My python function is given a (long) list of path arguments, each of which can possibly be a glob. I make a pass over this list using glob.glob
to extract all the matching filenames, like this:
files = [filename for pattern in patterns for filename in glob.glob(pattern)]
That works, but the filesystem I'm on has very poor performance for directory listing operations, and currently this operation adds about a minute(!) to the start-up time of my program. So I would like to only perform glob expansion for non-trivial glob patterns (i.e. those that aren't just normal pathnames) to speed this up. I.e.
def cheapglob(pattern):
return [pattern] if istrivial(pattern) else glob.glob(pattern)
files = [filename for pattern in patterns for filename in cheapglob(pattern)]
Since glob.glob
basically does a set of directory listings coupled with fnmatch.fnmatch
, I thought it should be possible to somehow ask fnmatch
whether a given string is a non-trivial pattern or not, but I can't see how to do that.
As a fallback, I guess I could attempt to identify these patterns in the string myself, though that feels a lot like reinventing the wheel, and would be error prone. But this feels like the sort of thing there should be an elegant solution for.
According to the fnmatch source code, the only special characters it recognizes are *
, ?
, [
and ]
. Hence any pattern that does not contain any of these will only match itself. We can therefore implement the cheapglob
mentioned in the question as
def cheapglob(s): return glob.glob(s) if re.search("[][*?]", s) else [s]

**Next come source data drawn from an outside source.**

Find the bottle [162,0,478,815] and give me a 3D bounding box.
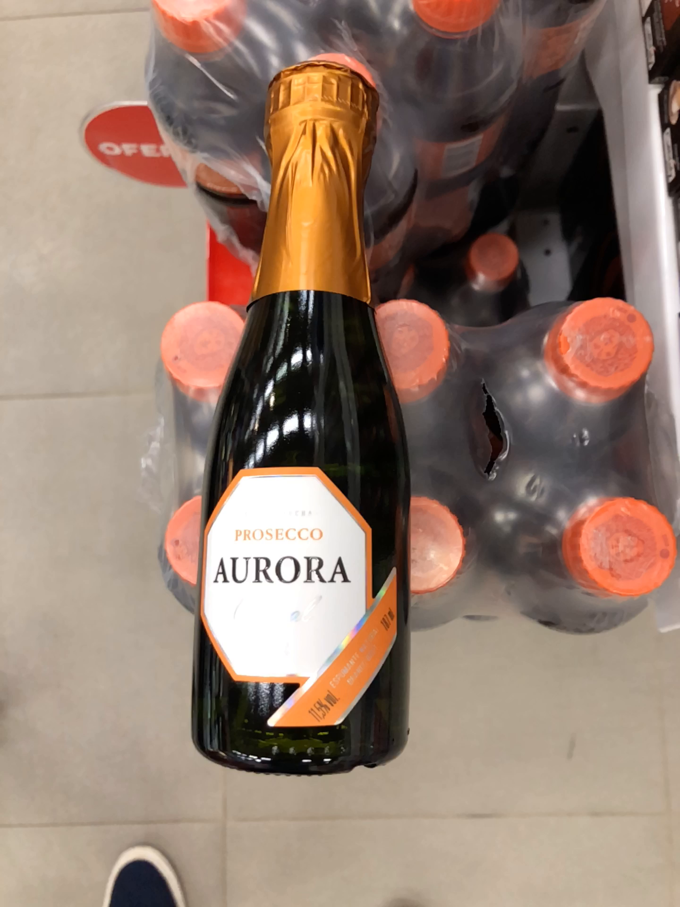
[{"bbox_3d":[-0.002,-0.014,0.192,0.060,0.050,0.180,3,85,2],"label":"bottle"}]
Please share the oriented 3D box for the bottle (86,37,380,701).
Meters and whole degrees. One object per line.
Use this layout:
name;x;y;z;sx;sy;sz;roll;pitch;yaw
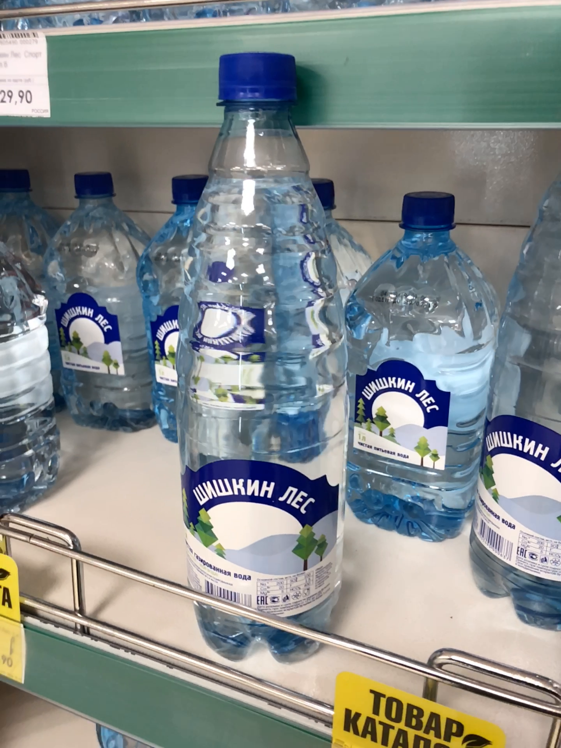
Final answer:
bottle;-0.009;0.006;0.287;0.090;0.273;0.080;5;22;16
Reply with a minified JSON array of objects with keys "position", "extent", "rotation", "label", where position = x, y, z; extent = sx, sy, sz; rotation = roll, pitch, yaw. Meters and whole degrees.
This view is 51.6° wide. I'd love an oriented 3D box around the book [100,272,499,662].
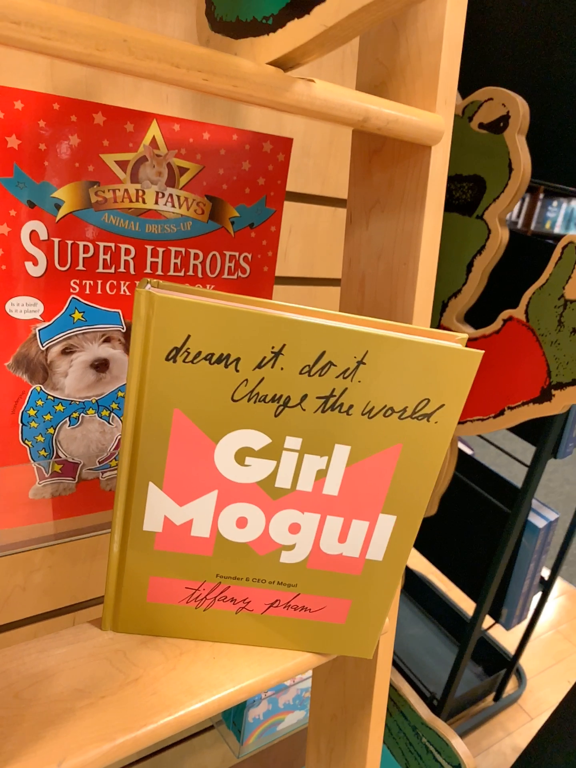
[{"position":[-0.005,0.062,0.344],"extent":[0.180,0.219,0.030],"rotation":[9,23,-8],"label":"book"}]
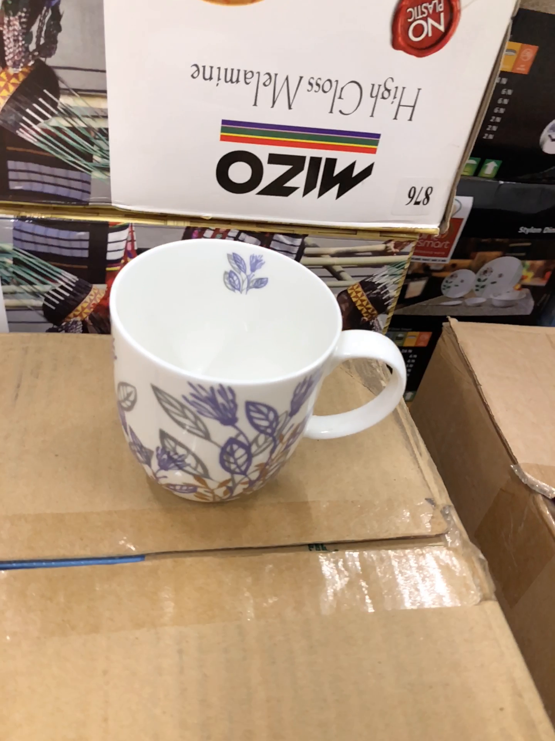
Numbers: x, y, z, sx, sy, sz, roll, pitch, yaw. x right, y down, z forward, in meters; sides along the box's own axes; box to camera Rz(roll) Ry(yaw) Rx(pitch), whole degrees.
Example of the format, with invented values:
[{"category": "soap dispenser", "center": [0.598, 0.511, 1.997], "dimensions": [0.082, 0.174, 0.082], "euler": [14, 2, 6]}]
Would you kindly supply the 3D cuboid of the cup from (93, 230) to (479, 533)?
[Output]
[{"category": "cup", "center": [-0.003, 0.004, 0.244], "dimensions": [0.120, 0.070, 0.091], "euler": [4, 41, -10]}]

This will only hit the file system for patterns which include special characters. This differs subtly from a plain glob.glob
: For a pattern with no special characters like "foo.txt", this function will return ["foo.txt"]
regardless of whether that file exists, while glob.glob
will return []
if the file isn't there. So the calling function will need to handle the possibility that some of the returned files might not exist.